WHAT TO DO: From the material below, copy each line that holds the word "pixels".

RECORDS FOR PROCESSING:
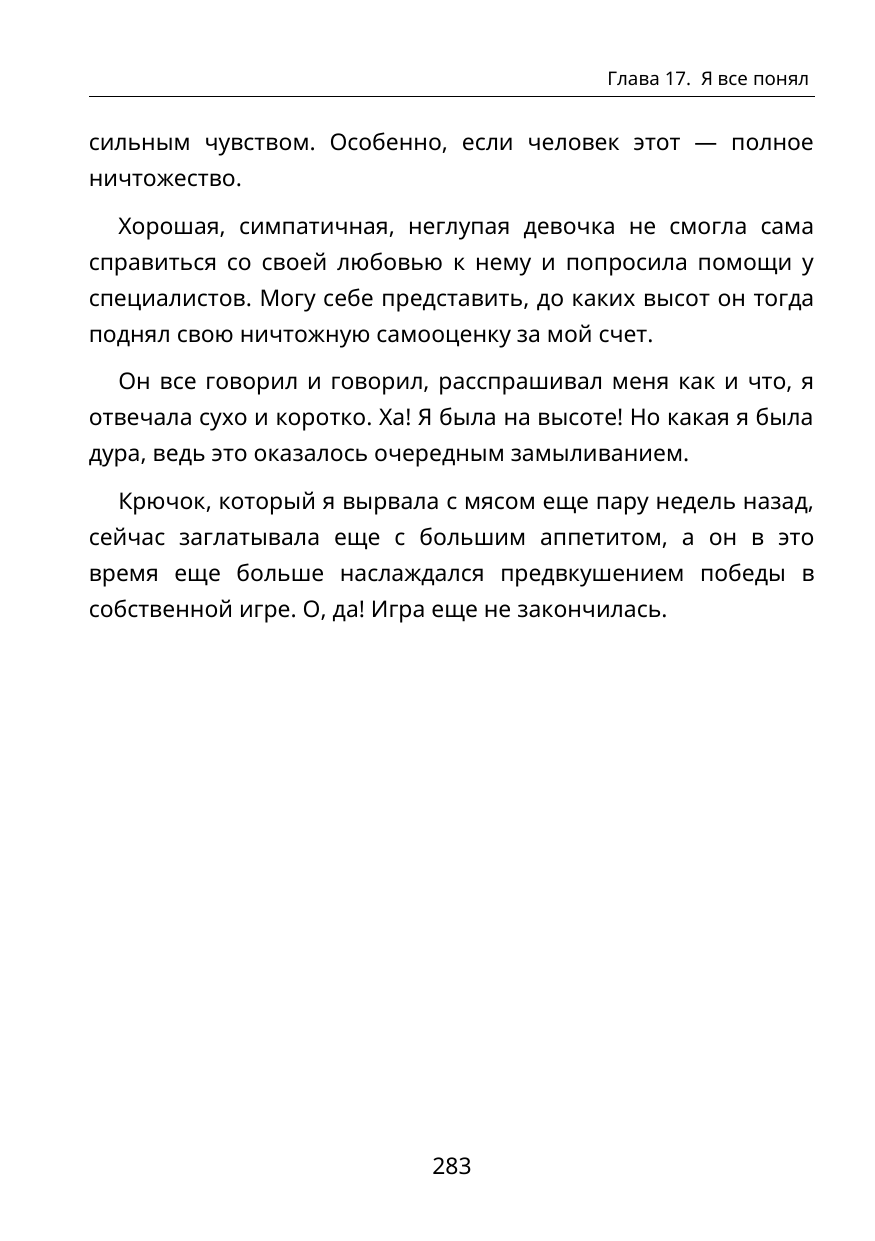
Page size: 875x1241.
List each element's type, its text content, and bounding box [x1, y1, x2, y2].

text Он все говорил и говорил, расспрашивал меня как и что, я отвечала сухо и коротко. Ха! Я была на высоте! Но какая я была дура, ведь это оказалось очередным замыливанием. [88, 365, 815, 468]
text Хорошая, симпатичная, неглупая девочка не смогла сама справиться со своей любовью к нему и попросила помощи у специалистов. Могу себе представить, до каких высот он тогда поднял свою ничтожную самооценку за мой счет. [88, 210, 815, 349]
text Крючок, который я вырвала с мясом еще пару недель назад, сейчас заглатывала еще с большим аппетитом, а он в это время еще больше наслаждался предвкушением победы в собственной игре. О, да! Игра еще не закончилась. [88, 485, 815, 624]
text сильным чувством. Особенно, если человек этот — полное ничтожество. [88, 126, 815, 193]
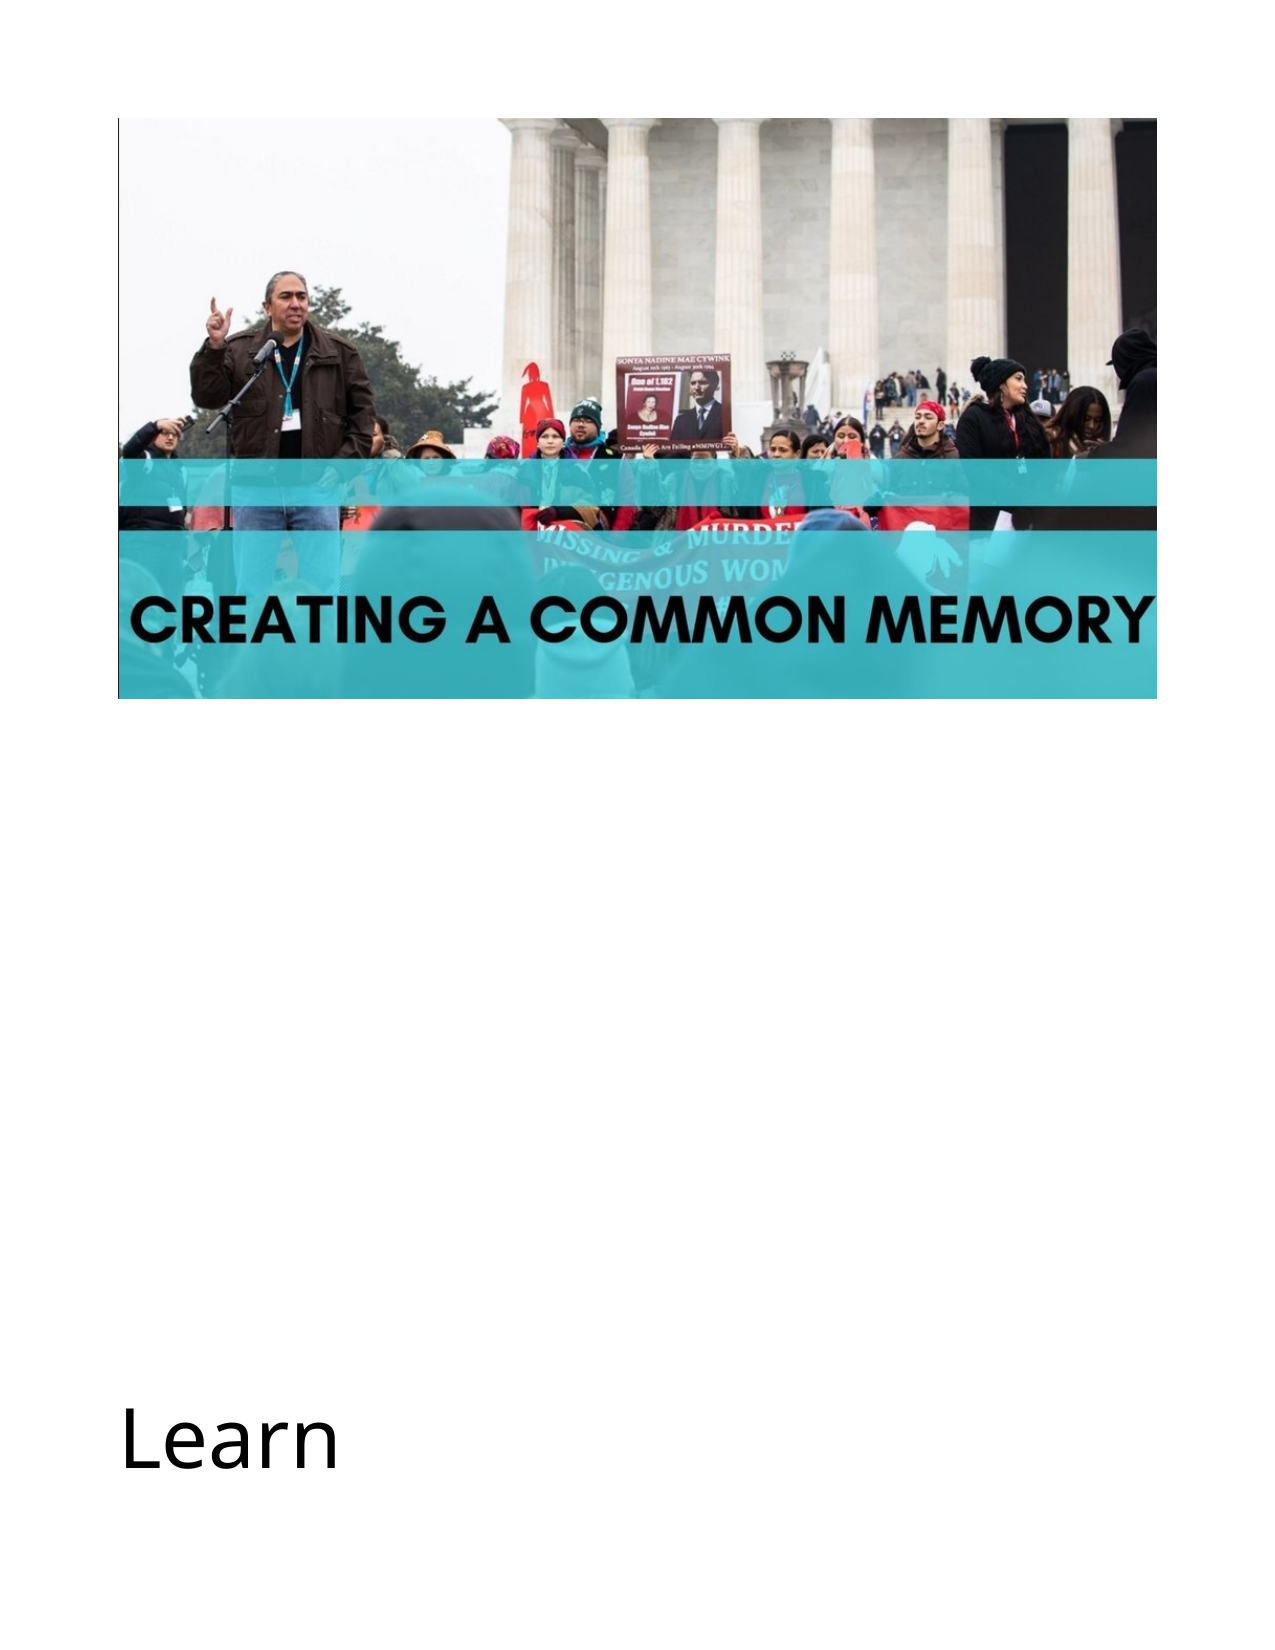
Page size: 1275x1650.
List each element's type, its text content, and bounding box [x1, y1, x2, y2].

...

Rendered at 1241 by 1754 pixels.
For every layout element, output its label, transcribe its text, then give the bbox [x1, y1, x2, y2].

==

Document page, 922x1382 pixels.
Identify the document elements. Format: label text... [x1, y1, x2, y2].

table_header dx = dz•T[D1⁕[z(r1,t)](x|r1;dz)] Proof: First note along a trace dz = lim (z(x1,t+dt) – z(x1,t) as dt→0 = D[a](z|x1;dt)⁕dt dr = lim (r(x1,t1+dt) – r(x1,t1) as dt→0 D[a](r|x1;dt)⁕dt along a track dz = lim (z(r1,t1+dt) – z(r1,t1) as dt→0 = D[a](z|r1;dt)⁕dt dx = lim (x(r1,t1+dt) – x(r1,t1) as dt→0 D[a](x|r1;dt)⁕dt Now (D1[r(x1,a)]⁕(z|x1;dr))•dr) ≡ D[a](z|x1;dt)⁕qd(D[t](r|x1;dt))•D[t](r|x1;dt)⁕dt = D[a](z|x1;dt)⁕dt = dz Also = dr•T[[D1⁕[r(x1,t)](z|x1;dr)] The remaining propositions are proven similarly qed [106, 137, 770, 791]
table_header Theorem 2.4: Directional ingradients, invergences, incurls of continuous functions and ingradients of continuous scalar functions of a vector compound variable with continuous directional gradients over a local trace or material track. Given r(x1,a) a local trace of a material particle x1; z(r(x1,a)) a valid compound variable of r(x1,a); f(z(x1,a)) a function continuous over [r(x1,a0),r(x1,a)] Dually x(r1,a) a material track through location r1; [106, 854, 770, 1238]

EXERCISE OUTPUT:
Rendered at 1241 by 1754 pixels.
Document page, 922x1382 pixels.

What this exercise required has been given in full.